The research focuses heavily on email assistant use cases. The Demos directory shows RAGworm demonstrations including retrieval behavior on Copilot (work email assistant) and Gemini Workspace (work email assistant), plus a full end-to-end demo on Gemini Workspace. While this validates the attack against real systems, generalization to other RAG architectures (code assistants, document Q&A systems, customer service bots) receives less empirical validation. The attack surface differs across application types: a code assistant’s RAG retrieves from repositories and documentation rather than emails, potentially requiring different prompt injection techniques. DonkeyRail’s feature extraction and training data appear optimized for email-based worms; adapting it to other domains may require retraining with domain-specific attack samples.

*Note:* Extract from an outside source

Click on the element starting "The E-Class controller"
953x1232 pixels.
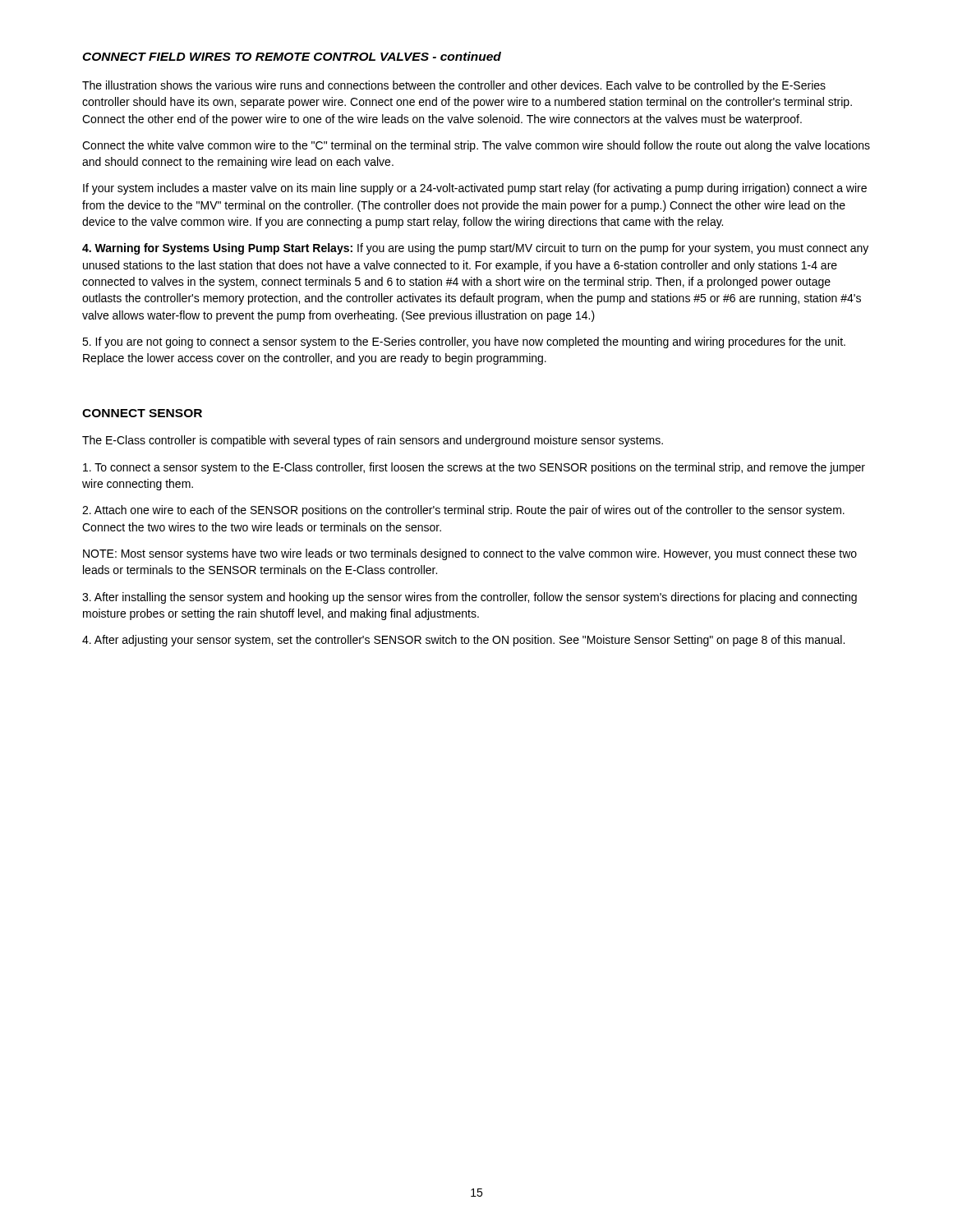(373, 441)

Finally, this is fundamentally an arms race. DonkeyRail detects self-replicating prompts by recognizing structural patterns. Sophisticated adversaries will evolve evasion techniques: obfuscating replication logic through steganography, splitting malicious instructions across multiple retrieved documents, or using semantic manipulation rather than explicit commands. The strong detection performance reported reflects evaluation against the datasets included in the repository; maintaining that performance long-term requires continuous model updates as attackers adapt. The README notes that the Legacy_Arxiv_V1 directory contains code from the original ArXiv paper for reference, indicating the research has evolved beyond the initial publication.
Verdict
Use this research if you’re building or securing RAG-based GenAI applications, especially those that auto-retrieve user-generated or external content. The threat model is validated through demonstrations on real GenAI email assistant systems, not just theoretical vulnerabilities. Treat this repository as a blueprint: study the attack methodology in Worm_Evaluation for red-teaming your own systems, examine the DonkeyRail guardrail architecture and its pipeline integration example, and use their feature engineering approach as a starting point for building custom defenses. The Datasets directory contains evaluation data for both worm propagation and guardrail performance. Security teams should particularly focus on understanding the propagation dynamics—the super-linear spread where each infected client compromises 20 others within 1-3 days—to assess exposure risk in interconnected AI ecosystems. The Self_Replicating_Test code can help validate whether your LLMs are susceptible to this attack class. Skip if you’re expecting a plug-and-play security product with vendor support, monitoring dashboards, and automatic updates—this is academic research code requiring engineering effort to productionize. Also skip if your GenAI applications don’t use RAG or don’t retrieve untrusted external content; the attack requires automatic ingestion of adversarial documents. For those scenarios, focus instead on traditional prompt injection defenses targeting direct user input manipulation.